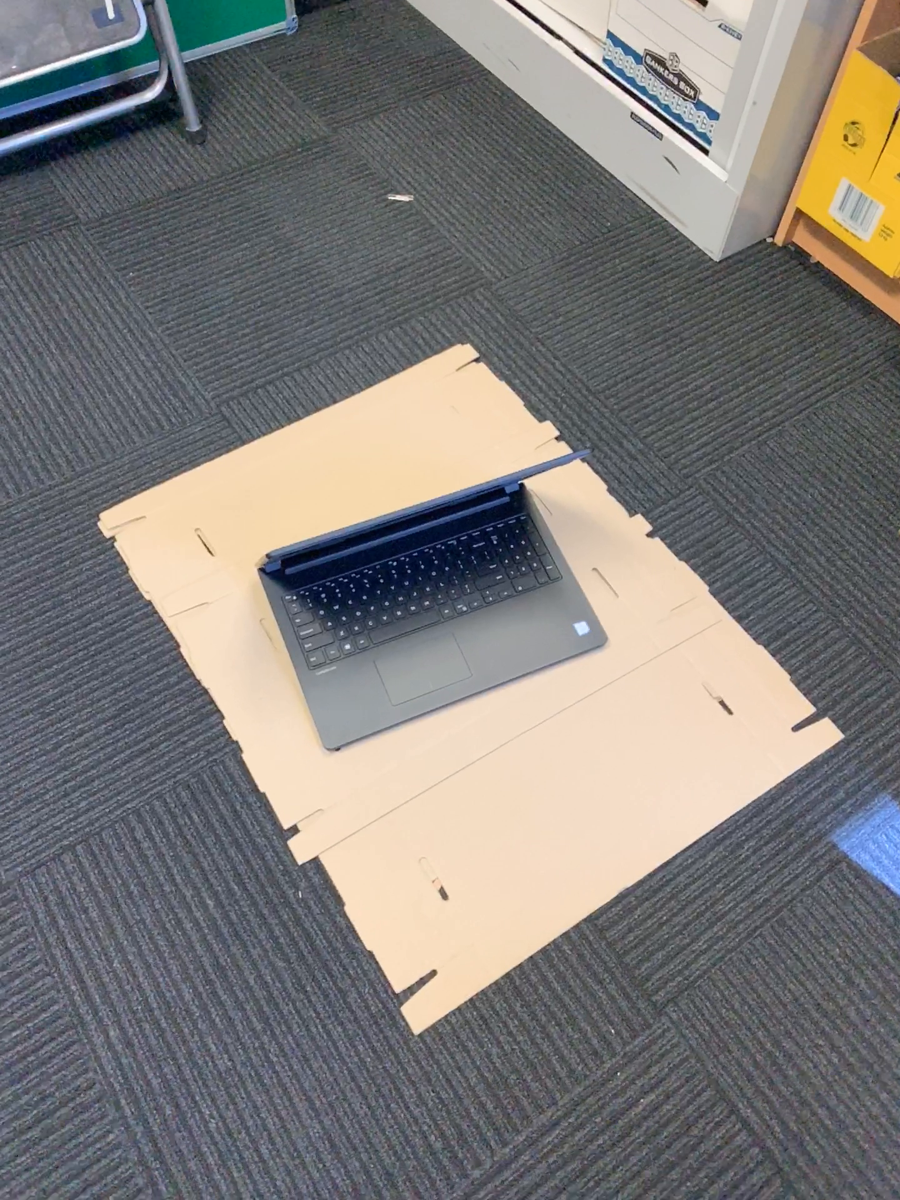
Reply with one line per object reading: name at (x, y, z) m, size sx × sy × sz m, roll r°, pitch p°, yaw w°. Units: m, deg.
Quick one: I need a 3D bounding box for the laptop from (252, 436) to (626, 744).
laptop at (-0.014, -0.019, 1.008) m, size 0.341 × 0.085 × 0.221 m, roll -19°, pitch 65°, yaw -13°
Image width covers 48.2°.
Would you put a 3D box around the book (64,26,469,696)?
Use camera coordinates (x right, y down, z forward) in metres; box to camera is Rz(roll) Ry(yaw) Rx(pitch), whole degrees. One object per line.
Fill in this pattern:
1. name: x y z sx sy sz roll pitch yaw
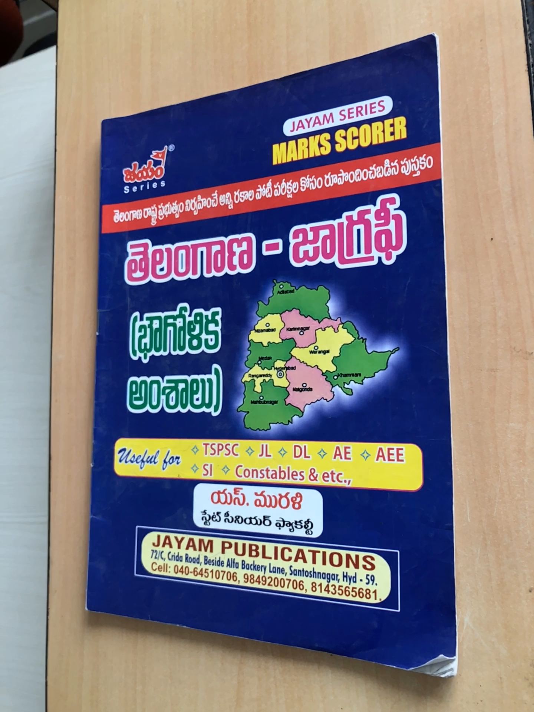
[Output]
1. book: -0.007 -0.001 0.308 0.200 0.040 0.280 -2 83 25
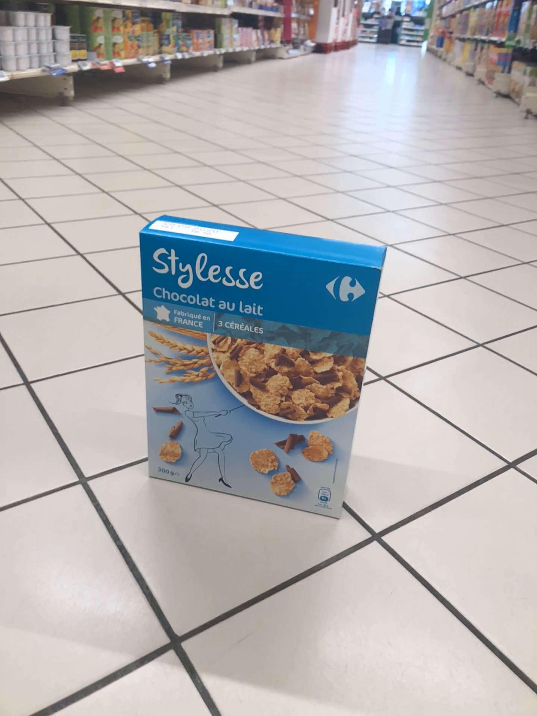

──────

WORK INSTRUCTION :: Please return the listing above exactly and leave every picture out.

ANSWER SPACE ::
Reply with one line per object reading: name at (x, y, z) m, size sx × sy × sz m, roll r°, pitch p°, yaw w°. Units: m, deg.
Quick one: I need a 3D bounding box for the laptop from (252, 436) to (626, 744).
laptop at (-0.014, -0.019, 1.008) m, size 0.341 × 0.085 × 0.221 m, roll -19°, pitch 65°, yaw -13°
Image width covers 48.2°.
Would you put a 3D box around the book (64,26,469,696)?
Use camera coordinates (x right, y down, z forward) in metres; box to camera is Rz(roll) Ry(yaw) Rx(pitch), whole degrees. One object per line.
Fill in this pattern:
1. name: x y z sx sy sz roll pitch yaw
[Output]
1. book: -0.007 -0.001 0.308 0.200 0.040 0.280 -2 83 25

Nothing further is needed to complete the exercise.